Bodegas Alianza es una empresa familiar con más de 60 años en el mercado de la comercialización y distribución de vinos y licores, así como de carnes frías y latería fina, entre otros productos.

Cuenta con alrededor de 80 sucursales en sus formatos Bodegas Alianza y Alianza Exprés, ubicadas en la Ciudad de México y el Área Metropolitana, así como en Pachuca, y pronto abrirá sucursales en Puebla, Querétaro y Toluca, lo que aumentará sus ganancias.

Hace tres años, decidió abrir su canal de e-commerce para extender sus ventas.

Todo comenzó cuando Luis Gascón, director de E-commerce en Bodegas Alianza e hijo de uno de los fundadores, se dio cuenta de que necesitaban entrar al mundo digital, en el que hasta ese momento sólo tenían un sitio web con fines meramente informativos, como la ubicación de sus puntos de venta. Para ese entonces, su competencia, La Europea, ya tenía un pie en el mundo digital.

Después de buscar opciones dieron con BlackSip, e iniciaron el desarrollo de su tienda en línea, bajo dos vertientes: consumo inmediato (el cual todavía no está en operación), y consumo programado, que empezó con un tiempo de tres a cinco días de entrega y actualmente es de sólo uno. De esta forma atacan a los sectores B2B y B2C.

“Cuando empezamos la tienda en línea, al desconocer el modelo de negocio, empezamos con productos premium, botellas caras de 5,000 pesos para arriba, y entonces nos dimos cuenta de que el movimiento era muy lento”, recuerda Gascón. Tuvieron que comenzar a vender otro tipo de productos, incluso “pachitas” (botellas pequeñas).

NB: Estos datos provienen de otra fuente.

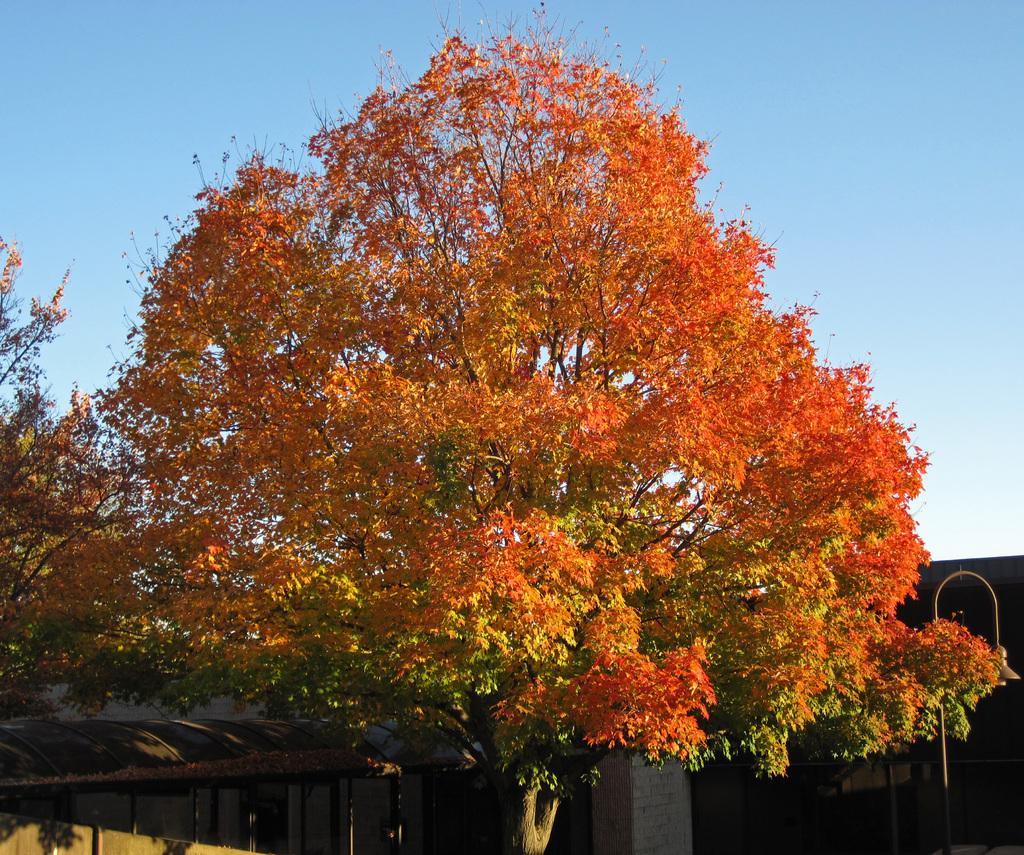Please provide a concise description of this image. In the center of the image we can see one tree,which is in yellow,orange and green color. In the background we can see the sky,one building,pillar,shed,poles and a few other objects. 
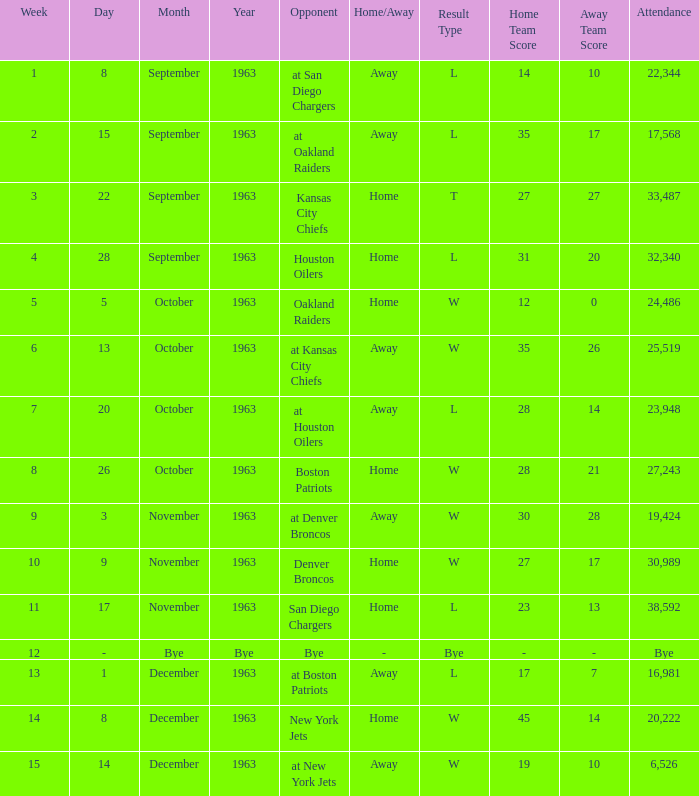Which Opponent has a Result of w 19–10? At new york jets. 
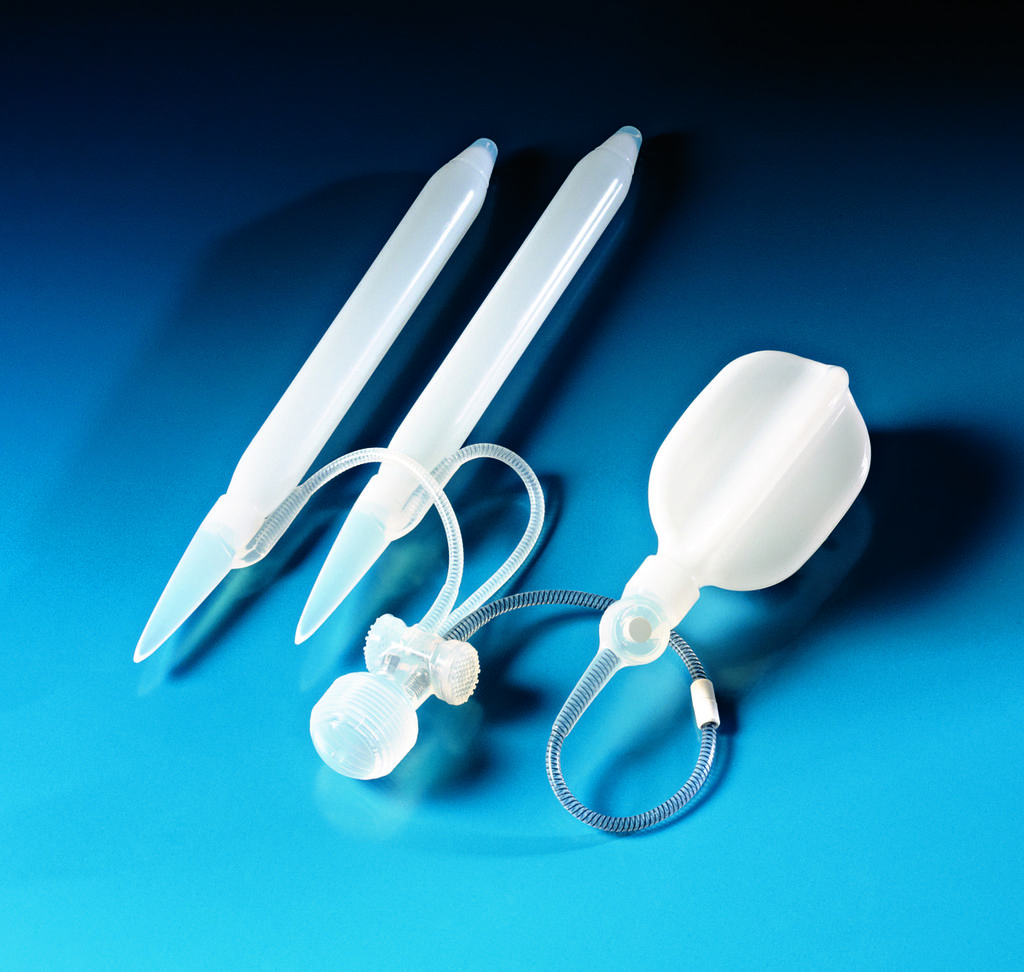What type of machine equipment is visible in the image? There is a plastic machine equipment in the image. Are there any additional features associated with the machine equipment? Yes, there are wires in the image. How many crows are sitting on the twig in the image? There are no crows or twigs present in the image. What type of frog can be seen hopping near the machine equipment in the image? There are no frogs present in the image. 
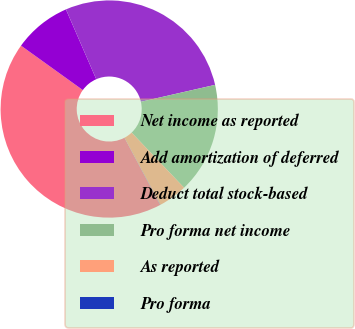Convert chart to OTSL. <chart><loc_0><loc_0><loc_500><loc_500><pie_chart><fcel>Net income as reported<fcel>Add amortization of deferred<fcel>Deduct total stock-based<fcel>Pro forma net income<fcel>As reported<fcel>Pro forma<nl><fcel>42.69%<fcel>8.56%<fcel>27.95%<fcel>16.47%<fcel>4.3%<fcel>0.03%<nl></chart> 
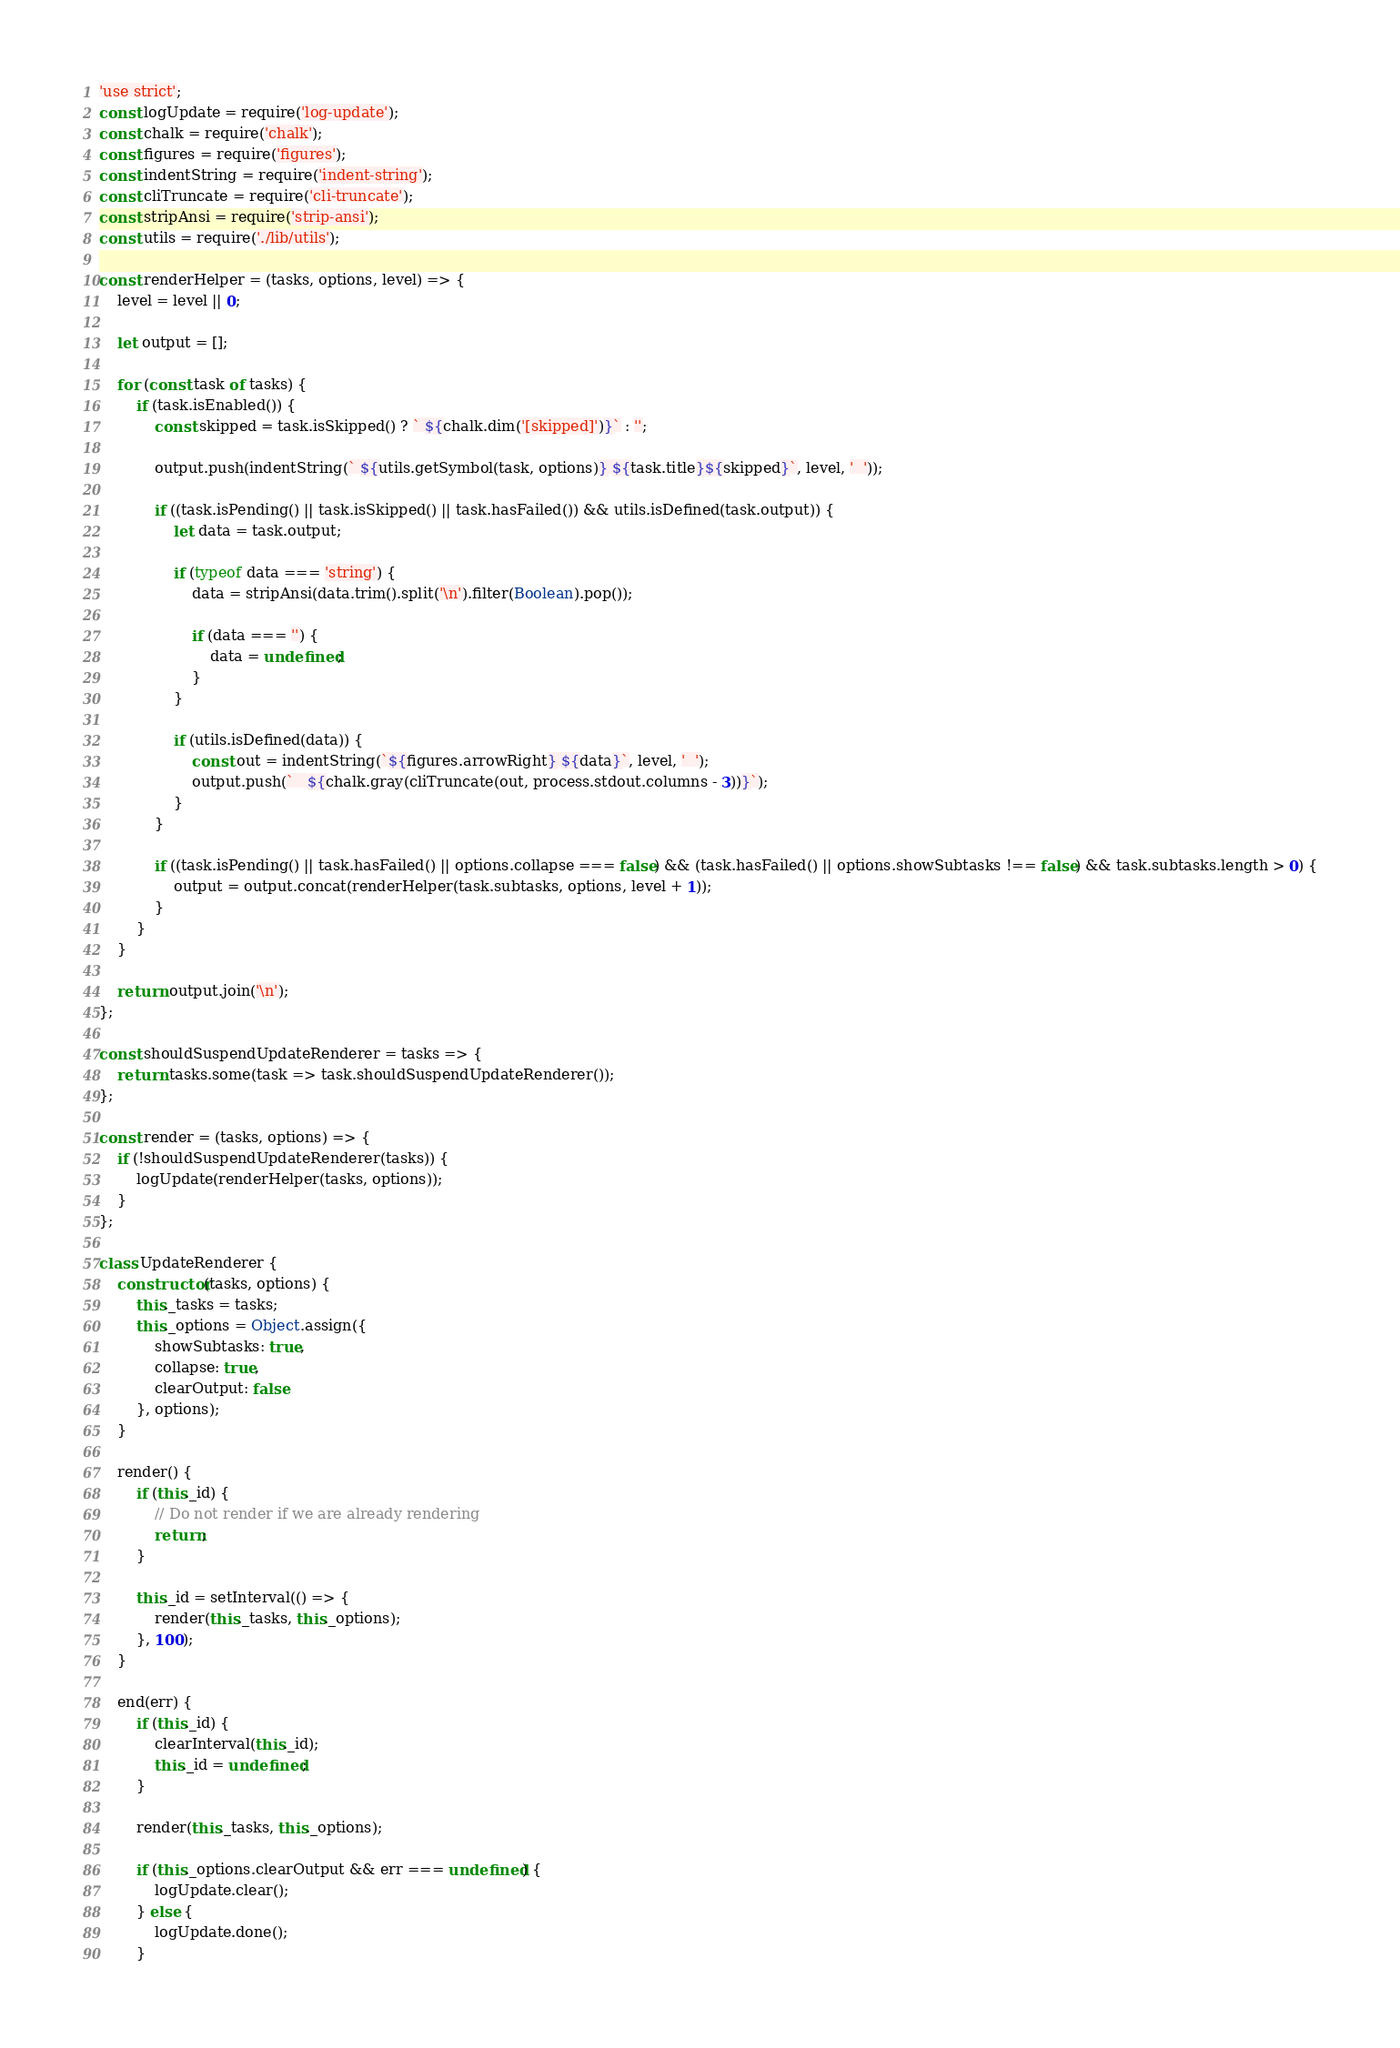<code> <loc_0><loc_0><loc_500><loc_500><_JavaScript_>'use strict';
const logUpdate = require('log-update');
const chalk = require('chalk');
const figures = require('figures');
const indentString = require('indent-string');
const cliTruncate = require('cli-truncate');
const stripAnsi = require('strip-ansi');
const utils = require('./lib/utils');

const renderHelper = (tasks, options, level) => {
	level = level || 0;

	let output = [];

	for (const task of tasks) {
		if (task.isEnabled()) {
			const skipped = task.isSkipped() ? ` ${chalk.dim('[skipped]')}` : '';

			output.push(indentString(` ${utils.getSymbol(task, options)} ${task.title}${skipped}`, level, '  '));

			if ((task.isPending() || task.isSkipped() || task.hasFailed()) && utils.isDefined(task.output)) {
				let data = task.output;

				if (typeof data === 'string') {
					data = stripAnsi(data.trim().split('\n').filter(Boolean).pop());

					if (data === '') {
						data = undefined;
					}
				}

				if (utils.isDefined(data)) {
					const out = indentString(`${figures.arrowRight} ${data}`, level, '  ');
					output.push(`   ${chalk.gray(cliTruncate(out, process.stdout.columns - 3))}`);
				}
			}

			if ((task.isPending() || task.hasFailed() || options.collapse === false) && (task.hasFailed() || options.showSubtasks !== false) && task.subtasks.length > 0) {
				output = output.concat(renderHelper(task.subtasks, options, level + 1));
			}
		}
	}

	return output.join('\n');
};

const shouldSuspendUpdateRenderer = tasks => {
	return tasks.some(task => task.shouldSuspendUpdateRenderer());
};

const render = (tasks, options) => {
	if (!shouldSuspendUpdateRenderer(tasks)) {
		logUpdate(renderHelper(tasks, options));
	}
};

class UpdateRenderer {
	constructor(tasks, options) {
		this._tasks = tasks;
		this._options = Object.assign({
			showSubtasks: true,
			collapse: true,
			clearOutput: false
		}, options);
	}

	render() {
		if (this._id) {
			// Do not render if we are already rendering
			return;
		}

		this._id = setInterval(() => {
			render(this._tasks, this._options);
		}, 100);
	}

	end(err) {
		if (this._id) {
			clearInterval(this._id);
			this._id = undefined;
		}

		render(this._tasks, this._options);

		if (this._options.clearOutput && err === undefined) {
			logUpdate.clear();
		} else {
			logUpdate.done();
		}</code>

Esto hizo que sus artículos salieran del centro del país para llegar a lugares tan lejanos como Chihuahua o Tijuana, para lo cual fue necesario dar opciones de pagos flexibles, incluidas tarjetas de débito y crédito, efectivo en Oxxo, PayPal y, próximamente, PayPal Plus. El envío cuesta 70 pesos en la Ciudad de México y aproximadamente 130 pesos fuera de la capital.

“Todavía seguimos como lampreados, porque nunca creímos tener tanto crecimiento. Ellos [BlackSip] nos dan un aproximado y siempre lo rebasamos”, resume Gascón.